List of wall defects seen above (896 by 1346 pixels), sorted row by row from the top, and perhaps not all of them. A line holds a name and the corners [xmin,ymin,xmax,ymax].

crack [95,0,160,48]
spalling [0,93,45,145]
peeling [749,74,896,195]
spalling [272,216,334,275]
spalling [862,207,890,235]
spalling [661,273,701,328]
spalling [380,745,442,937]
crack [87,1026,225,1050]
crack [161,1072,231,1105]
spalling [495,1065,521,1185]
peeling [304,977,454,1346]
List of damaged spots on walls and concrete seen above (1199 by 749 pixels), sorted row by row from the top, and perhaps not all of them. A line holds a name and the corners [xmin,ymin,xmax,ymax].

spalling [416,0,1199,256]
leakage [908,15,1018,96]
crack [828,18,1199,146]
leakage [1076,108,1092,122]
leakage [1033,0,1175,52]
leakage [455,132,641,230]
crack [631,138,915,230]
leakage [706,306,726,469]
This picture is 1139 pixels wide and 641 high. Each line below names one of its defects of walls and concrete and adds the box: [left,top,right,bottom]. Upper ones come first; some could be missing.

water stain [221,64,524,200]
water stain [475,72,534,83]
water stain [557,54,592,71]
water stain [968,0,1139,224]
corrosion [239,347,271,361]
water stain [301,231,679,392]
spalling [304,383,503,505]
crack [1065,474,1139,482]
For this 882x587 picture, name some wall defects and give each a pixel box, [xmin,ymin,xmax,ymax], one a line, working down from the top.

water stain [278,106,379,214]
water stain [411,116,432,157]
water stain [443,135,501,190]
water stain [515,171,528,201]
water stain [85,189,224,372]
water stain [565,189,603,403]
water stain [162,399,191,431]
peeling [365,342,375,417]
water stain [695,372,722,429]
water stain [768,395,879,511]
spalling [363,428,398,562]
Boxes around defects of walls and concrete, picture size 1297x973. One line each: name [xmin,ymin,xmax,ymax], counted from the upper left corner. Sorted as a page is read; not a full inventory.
++++++
→ Your instructions
Reproduce the data, keeping every line exactly the same.

→ Finished exercise
List of wall defects seen above (896 by 1346 pixels), sorted row by row from the top, and perhaps not all of them. A line holds a name and the corners [xmin,ymin,xmax,ymax].

crack [95,0,160,48]
spalling [0,93,45,145]
peeling [749,74,896,195]
spalling [272,216,334,275]
spalling [862,207,890,235]
spalling [661,273,701,328]
spalling [380,745,442,937]
crack [87,1026,225,1050]
crack [161,1072,231,1105]
spalling [495,1065,521,1185]
peeling [304,977,454,1346]
List of damaged spots on walls and concrete seen above (1199 by 749 pixels), sorted row by row from the top, and perhaps not all of them. A line holds a name and the corners [xmin,ymin,xmax,ymax].

spalling [416,0,1199,256]
leakage [908,15,1018,96]
crack [828,18,1199,146]
leakage [1076,108,1092,122]
leakage [1033,0,1175,52]
leakage [455,132,641,230]
crack [631,138,915,230]
leakage [706,306,726,469]
This picture is 1139 pixels wide and 641 high. Each line below names one of its defects of walls and concrete and adds the box: [left,top,right,bottom]. Upper ones come first; some could be missing.

water stain [221,64,524,200]
water stain [475,72,534,83]
water stain [557,54,592,71]
water stain [968,0,1139,224]
corrosion [239,347,271,361]
water stain [301,231,679,392]
spalling [304,383,503,505]
crack [1065,474,1139,482]
For this 882x587 picture, name some wall defects and give each a pixel box, [xmin,ymin,xmax,ymax], one a line, working down from the top.

water stain [278,106,379,214]
water stain [411,116,432,157]
water stain [443,135,501,190]
water stain [515,171,528,201]
water stain [85,189,224,372]
water stain [565,189,603,403]
water stain [162,399,191,431]
peeling [365,342,375,417]
water stain [695,372,722,429]
water stain [768,395,879,511]
spalling [363,428,398,562]
Boxes around defects of walls and concrete, picture size 1297x973. One line each: name [xmin,ymin,xmax,ymax], counted from the upper left corner. Sorted as a page is read; not a full inventory.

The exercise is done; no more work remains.